A joint probability distribution \(p_{\theta}(\tau)\) of the trajectory can be written as follows:

\[p_{\theta}(\tau) = p_{\theta}(s_1, a_1, ..., s_{T}, a_{T}) = p(s_1) \prod_{t=1}^{T} p(s_{t+1}|s_{t}, a_{t}) \pi_{\theta} (a_t|s_t)\]

and cumulative reward of the rollout

\[r(\tau) = \sum_{t=1}^{T} r(s_t, a_t).\]

Then the reinforcement learning objective is to learn the parameters \(\theta\) of the policy \(\pi_{\theta}(\tau)\) that maximizes the expected reward of the trajectory:

\[J(\theta) = \mathbb{E}_{\tau \sim p_\theta (\tau)} \big[ r(\tau) \big] = \int p_\theta (\tau) r(\tau) \mathrm{d} \tau\]

The policy gradient approach is to directly take the gradient of this objective function w.r.t. \(\theta\):

\[\begin{split}\nabla_\theta J(\theta) &= \nabla_\theta \int p_\theta(\tau) r(\tau) \mathrm{d} \tau = \\ &= \int \nabla_\theta p_\theta(\tau) r(\tau) \mathrm{d} \tau = \\ &= \int p_\theta(\tau) \nabla_\theta \mathrm{log} \: p_\theta(\tau) r(\tau) \mathrm{d} \tau = \\ &= \mathbb{E}_{\tau \sim p_\theta (\tau)} \big[ \nabla_\theta \mathrm{log} \: p_\theta(\tau) r(\tau) \big]\end{split}\]

Note

In derivation we used a convinient identity:

\[p_\theta(\tau) \nabla_\theta \mathrm{log} \: p_\theta(\tau) = p_\theta(\tau) \frac{\nabla_\theta p_\theta(\tau)}{p_\theta(\tau)} = \nabla_\theta p_\theta(\tau)\]

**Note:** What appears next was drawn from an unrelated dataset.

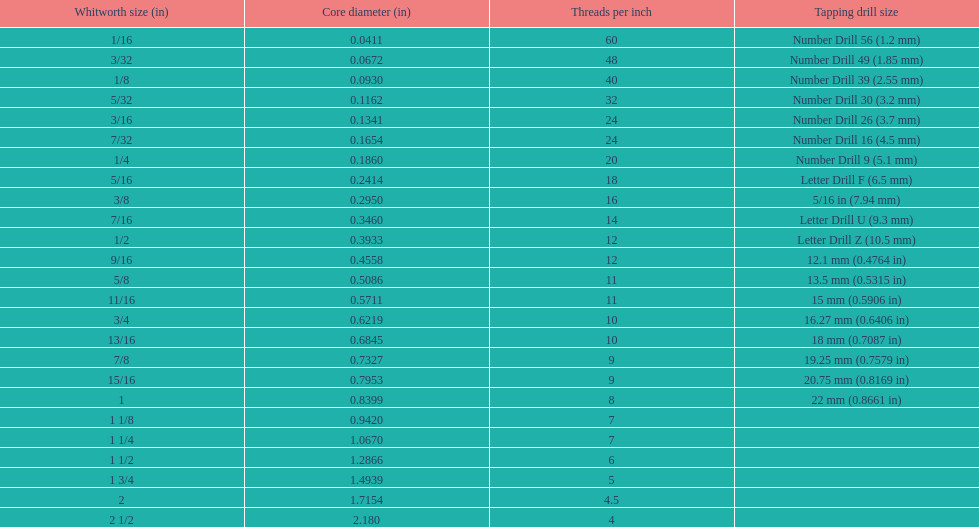What is the core diameter of the last whitworth thread size? 2.180.

\(p_{\theta}(\tau)\) contains an unknown system’s dynamics \(p(s_{t+1}|s_{t}, a_{t})\). We can get rid of it by taking the gradient of the logarithm \(\mathrm{log} \: p_\theta(\tau)\):

\[\begin{split}\nabla_\theta \mathrm{log} \: p_\theta(\tau) &= \nabla_\theta \mathrm{log} \big[ p(s_1) \prod_{t=1}^{T}p(s_{t+1}|s_{t}, a_{t}) \pi_{\theta} (a_t|s_t) \big] = \\ &= \nabla_\theta \Big[ \mathrm{log} \: p(s_1) + \sum_{t=1}^{T} \big[ \mathrm{log} \: \pi_{\theta} (a_t|s_t) + \mathrm{log} \: p(s_{t+1} | s_t, a_t) \big] \Big] = \\ &= \nabla_\theta \big[ \sum_{t=1}^{T} \mathrm{log} \: \pi_\theta (a_t|s_t) \big]\end{split}\]

So, the \(\nabla_\theta J(\theta)\) can be rewritten as:

\[\nabla_\theta J(\theta) = \mathbb{E}_{\tau \sim p_\theta (\tau)} \Big[ \nabla_\theta \mathrm{log} \: \pi_\theta (\tau) r(\tau) \Big]\]

In practice, this can be approximated through a batch of \(N\) trajectories:

\[\begin{split}\nabla_\theta J(\theta) &\approx \frac{1}{N} \sum_{i=1}^{N} \nabla_\theta \mathrm{log} \: \pi_\theta (\tau_i) r(\tau_i) = \\ &= \frac{1}{N} \sum_{i=1}^{N} \Big( \sum_{t=1}^{T} \nabla_\theta \mathrm{log} \: \pi_\theta (a_{it}|s_{it}) \Big) \Big( \sum_{t=1}^{T} r(s_{it}, a_{it}) \Big)\end{split}\]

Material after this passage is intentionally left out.